_Given information_.
================
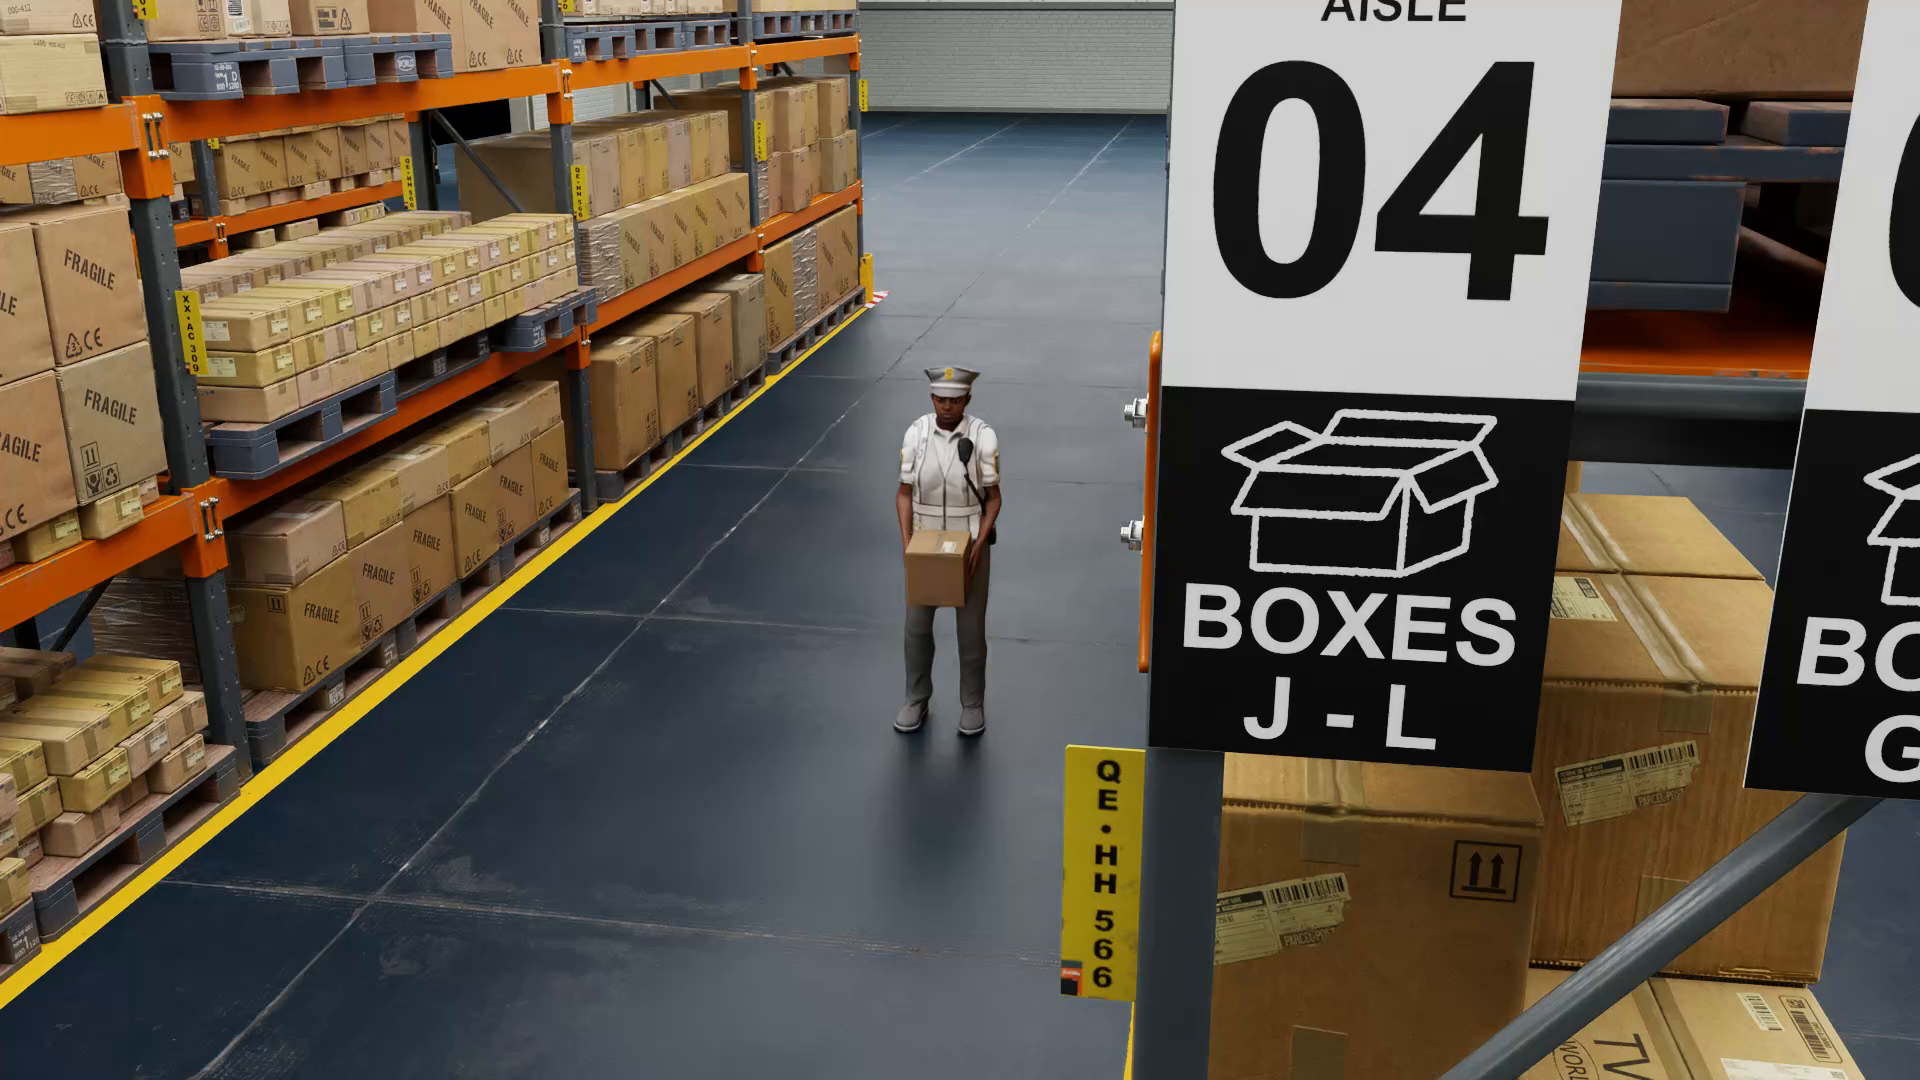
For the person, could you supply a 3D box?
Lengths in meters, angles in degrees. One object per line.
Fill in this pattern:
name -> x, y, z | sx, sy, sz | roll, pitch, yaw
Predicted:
person -> -0.055, 0.042, 7.384 | 0.475, 1.686, 0.442 | 3, 18, 8
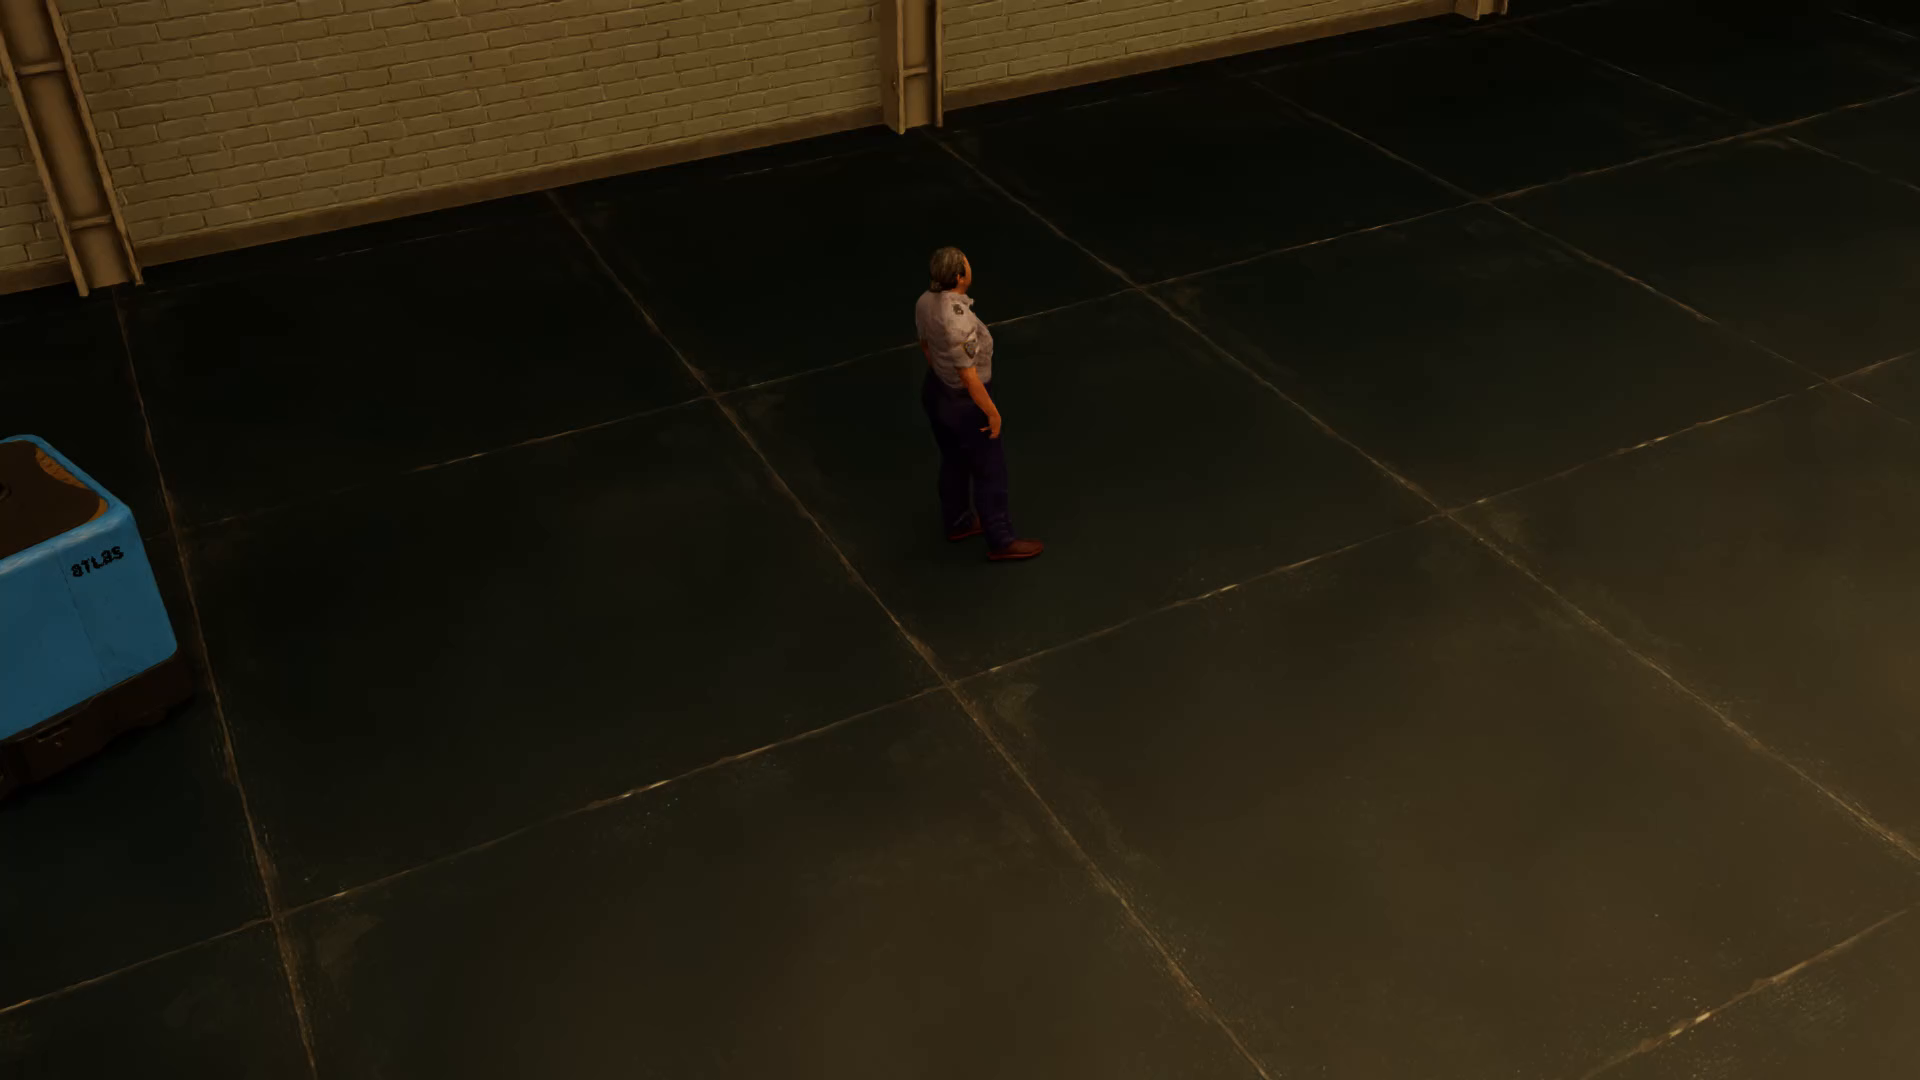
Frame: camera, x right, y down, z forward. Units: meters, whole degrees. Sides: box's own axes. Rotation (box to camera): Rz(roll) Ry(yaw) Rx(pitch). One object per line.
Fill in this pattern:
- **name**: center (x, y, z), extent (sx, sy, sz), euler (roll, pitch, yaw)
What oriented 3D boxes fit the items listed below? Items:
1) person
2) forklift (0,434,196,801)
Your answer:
- **person**: center (0.090, -0.692, 8.201), extent (0.502, 1.650, 0.599), euler (-17, 39, -23)
- **forklift**: center (-4.841, -0.004, 6.129), extent (1.130, 2.935, 3.031), euler (27, 44, 33)
================
With the line containing "Frame: camera, x" as the start, transcribe each line through the end of the listing above, exactly and only.

_Written answer_.
Frame: camera, x right, y down, z forward. Units: meters, whole degrees. Sides: box's own axes. Rotation (box to camera): Rz(roll) Ry(yaw) Rx(pitch). One object per line.
Fill in this pattern:
- **name**: center (x, y, z), extent (sx, sy, sz), euler (roll, pitch, yaw)
What oriented 3D boxes fit the items listed below? Items:
1) person
2) forklift (0,434,196,801)
Your answer:
- **person**: center (0.090, -0.692, 8.201), extent (0.502, 1.650, 0.599), euler (-17, 39, -23)
- **forklift**: center (-4.841, -0.004, 6.129), extent (1.130, 2.935, 3.031), euler (27, 44, 33)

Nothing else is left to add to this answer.